Records contained in a dataset
== == ==
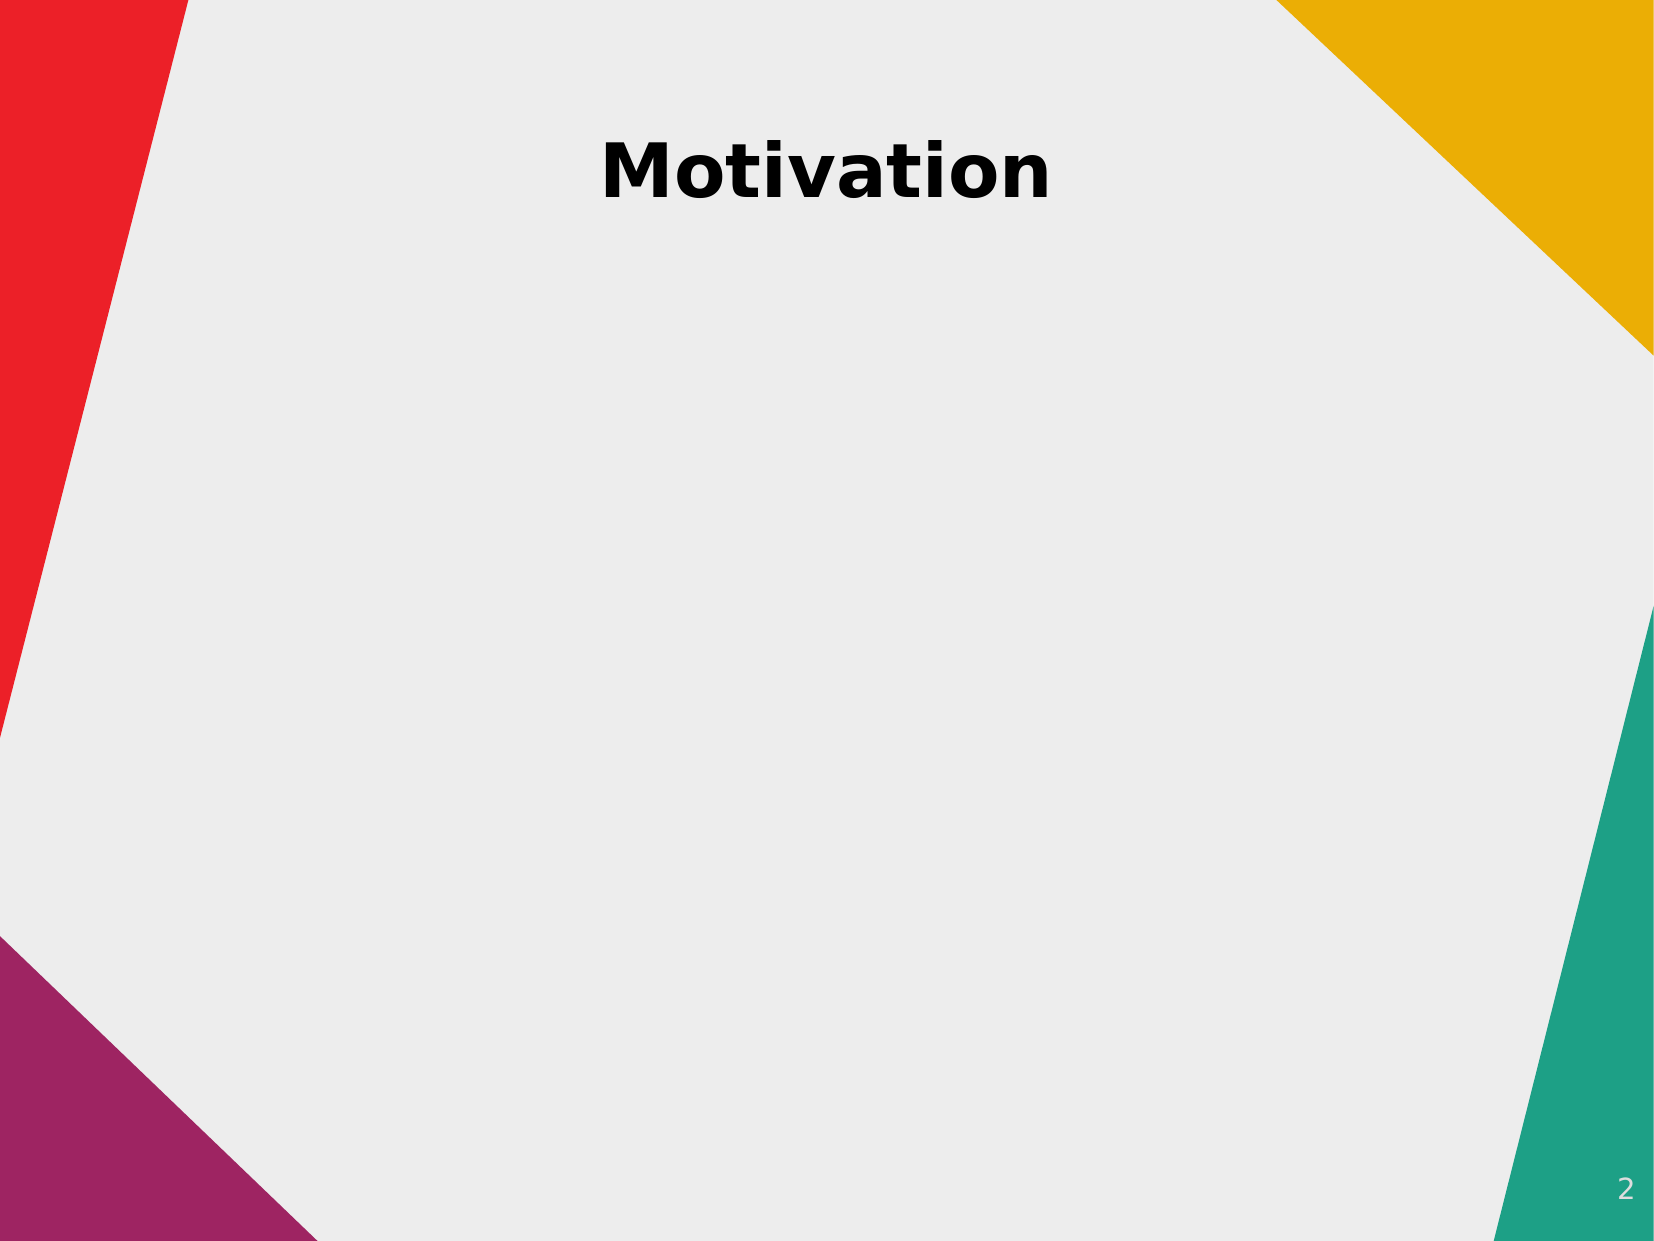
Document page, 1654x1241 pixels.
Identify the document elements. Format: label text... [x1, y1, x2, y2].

title Motivation [114, 73, 1539, 271]
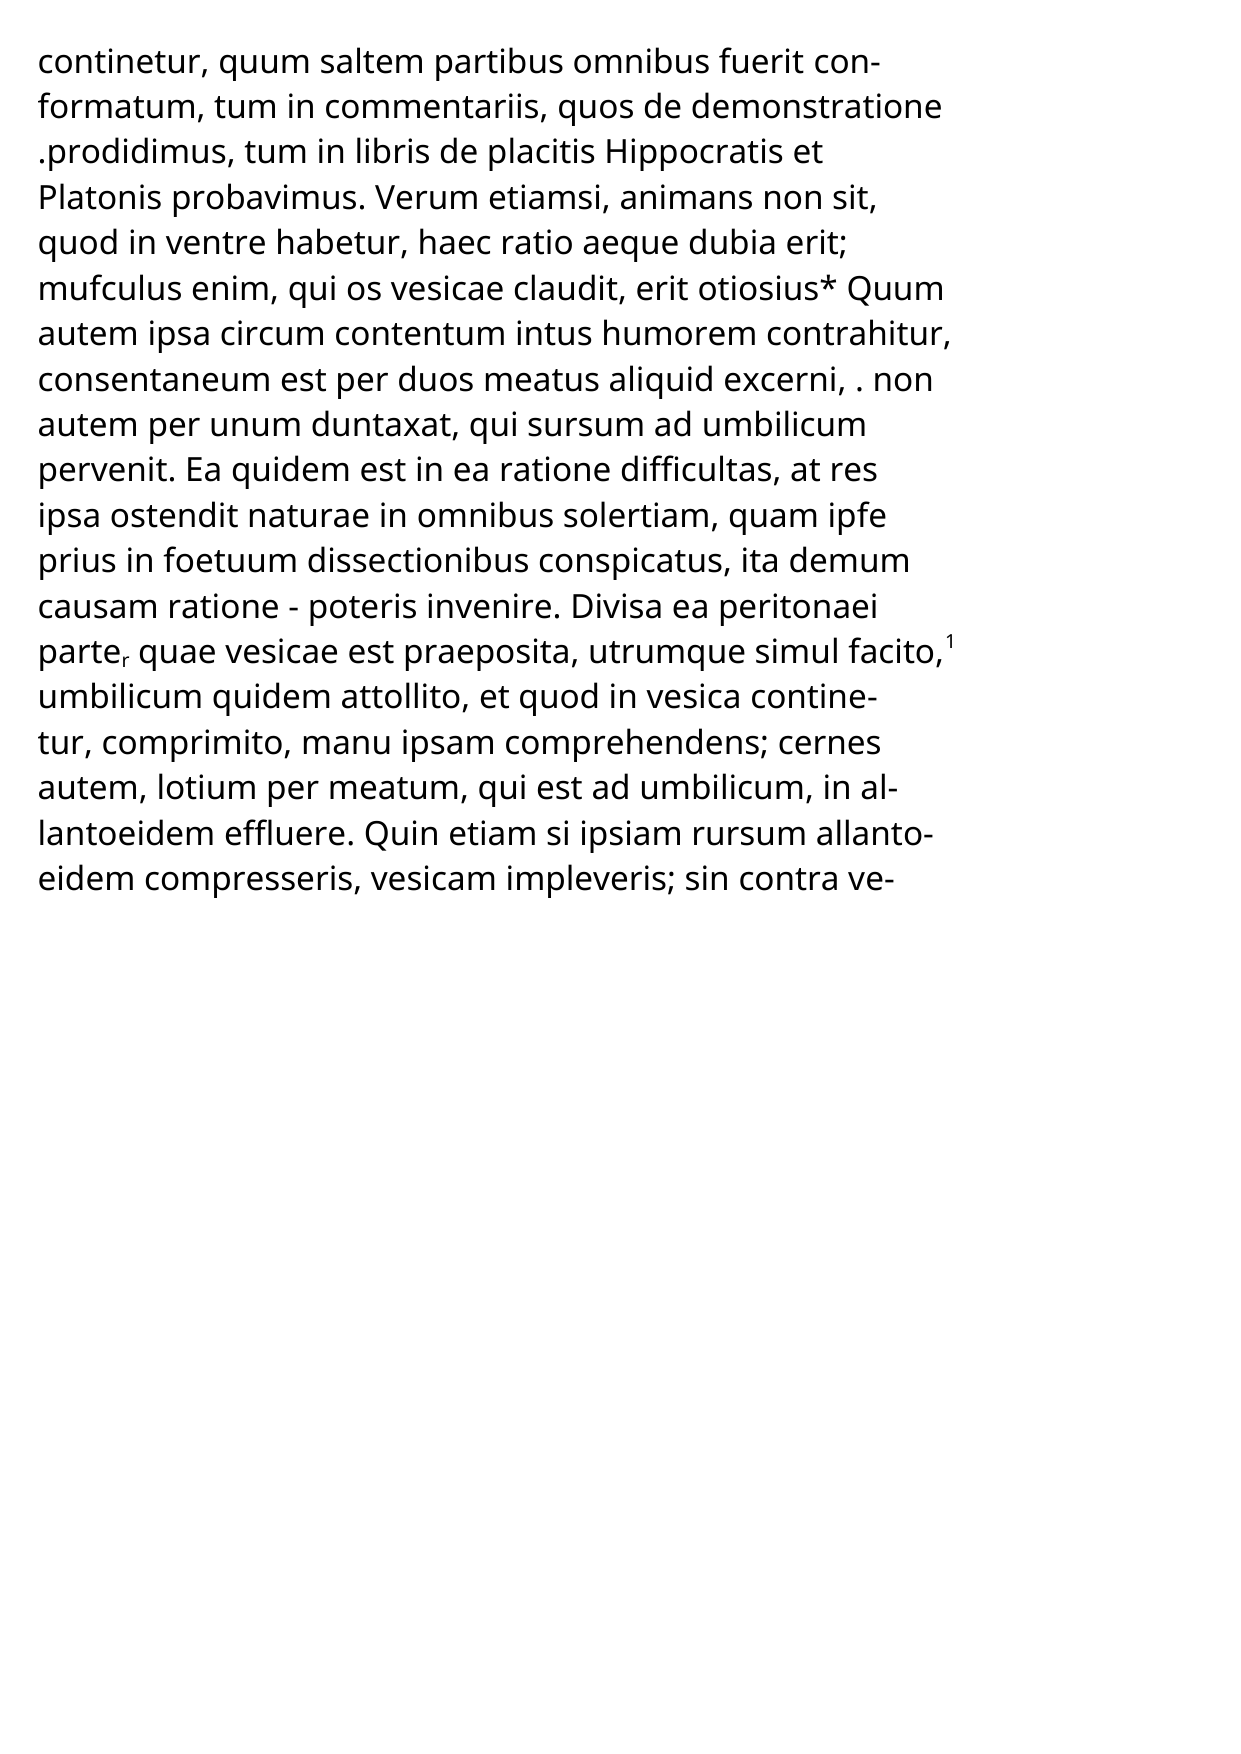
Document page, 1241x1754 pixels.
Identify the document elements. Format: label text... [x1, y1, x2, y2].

text continetur, quum saltem partibus omnibus fuerit con- formatum, tum in commentariis, quos de demonstratione .prodidimus, tum in libris de placitis Hippocratis et Platonis probavimus. Verum etiamsi, animans non sit, quod in ventre habetur, haec ratio aeque dubia erit; mufculus enim, qui os vesicae claudit, erit otiosius* Quum autem ipsa circum contentum intus humorem contrahitur, consentaneum est per duos meatus aliquid excerni, . non autem per unum duntaxat, qui sursum ad umbilicum pervenit. Ea quidem est in ea ratione difficultas, at res ipsa ostendit naturae in omnibus solertiam, quam ipfe prius in foetuum dissectionibus conspicatus, ita demum causam ratione - poteris invenire. Divisa ea peritonaei parter quae vesicae est praeposita, utrumque simul facito,1 umbilicum quidem attollito, et quod in vesica contine- tur, comprimito, manu ipsam comprehendens; cernes autem, lotium per meatum, qui est ad umbilicum, in al- lantoeidem effluere. Quin etiam si ipsiam rursum allanto- eidem compresseris, vesicam impleveris; sin contra ve- [37, 37, 1203, 900]
== == ==
* [WHAT THE TASK REQUIRES]:
From the first line above down to the line with "Document page, 1241x1754 pixels.", reproduce every line and no others, omitting pictures.

* [SOLUTION BELOW]:
Document page, 1654x1241 pixels.
Identify the document elements. Format: label text... [x1, y1, x2, y2].

title Motivation [114, 73, 1539, 271]
Document page, 1241x1754 pixels.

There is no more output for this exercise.